Rocsat-2 was built by prime contractor EADS Astrium of France with substantial contributions from Taiwanese industry. The program is part of a long-term effort in Taiwan to develop an autonomous space capability.

The first program, covering from 1991 to 2006, includes the launch of Rocsat-1 in 1999 — which is still operational — and the planned six-satellite Rocsat-3 constellation scheduled for launch in 2005. Northrup Grumman Corp. (then TRW) — designed and built Rocsat-1, with a team of 28 Taiwanese engineers stationed at the California production plant to learn about satellite manufacturing. Five Rocsat-1 subsystems, including its on-board computer and solar panels, were built in Taiwan.

NSPO has joined with the non-profit University Corporation for Atmospheric Research in Boulder, Colo., for the development of Rocsat-3.

A second long-term program was approved in 2002 and continues through 2018. Missions include a broadband communications satellite, a Rocsat-2 successor and work on microsatellites, according to NSPO.
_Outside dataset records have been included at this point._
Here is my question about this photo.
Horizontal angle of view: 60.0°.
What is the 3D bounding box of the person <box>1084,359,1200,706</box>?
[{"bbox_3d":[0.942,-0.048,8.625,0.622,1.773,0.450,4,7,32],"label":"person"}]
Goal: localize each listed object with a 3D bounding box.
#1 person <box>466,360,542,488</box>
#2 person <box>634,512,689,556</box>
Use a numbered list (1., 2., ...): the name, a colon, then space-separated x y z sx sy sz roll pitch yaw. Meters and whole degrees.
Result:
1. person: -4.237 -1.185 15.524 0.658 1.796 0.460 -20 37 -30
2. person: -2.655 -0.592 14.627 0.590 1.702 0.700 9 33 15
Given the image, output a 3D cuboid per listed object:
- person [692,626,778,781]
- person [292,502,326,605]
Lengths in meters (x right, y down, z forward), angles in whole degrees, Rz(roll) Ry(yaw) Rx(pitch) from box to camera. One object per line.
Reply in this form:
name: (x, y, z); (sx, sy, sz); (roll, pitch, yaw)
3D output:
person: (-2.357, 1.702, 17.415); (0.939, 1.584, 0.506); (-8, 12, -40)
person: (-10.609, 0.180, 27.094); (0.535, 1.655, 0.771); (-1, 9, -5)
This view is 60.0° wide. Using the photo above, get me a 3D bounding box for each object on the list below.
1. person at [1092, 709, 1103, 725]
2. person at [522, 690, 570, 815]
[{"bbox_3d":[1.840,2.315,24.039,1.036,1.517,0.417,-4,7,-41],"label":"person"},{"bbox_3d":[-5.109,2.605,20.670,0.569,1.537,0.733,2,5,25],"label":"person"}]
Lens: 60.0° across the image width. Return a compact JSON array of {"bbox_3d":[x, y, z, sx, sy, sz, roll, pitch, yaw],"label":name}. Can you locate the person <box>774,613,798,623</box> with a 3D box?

Launched May 20 aboard an Orbital Sciences Corp. enhanced-version Taurus XL rocket, Rocsat-2 has produced its first images and is expected to become fully operational by September, said Guey-Shin Chang, head of ground systems at Taiwan’s National Space Policy Office in Taipei. The satellite is in a polar low Earth orbit at 981 kilometers in altitude.

David Chu, NSPO chief engineer, stressed the satellite’s science mission as its primary interest. Rocsat-2 will observe the relations between thunderclouds and the upper atmosphere, and in particular the "transient

luminous events" that produce large electromagnetic jets between the clouds and the ionosphere. Taiwanese scientists have observed these phenomena from the ground but no one has studied them from the top down, Chu said.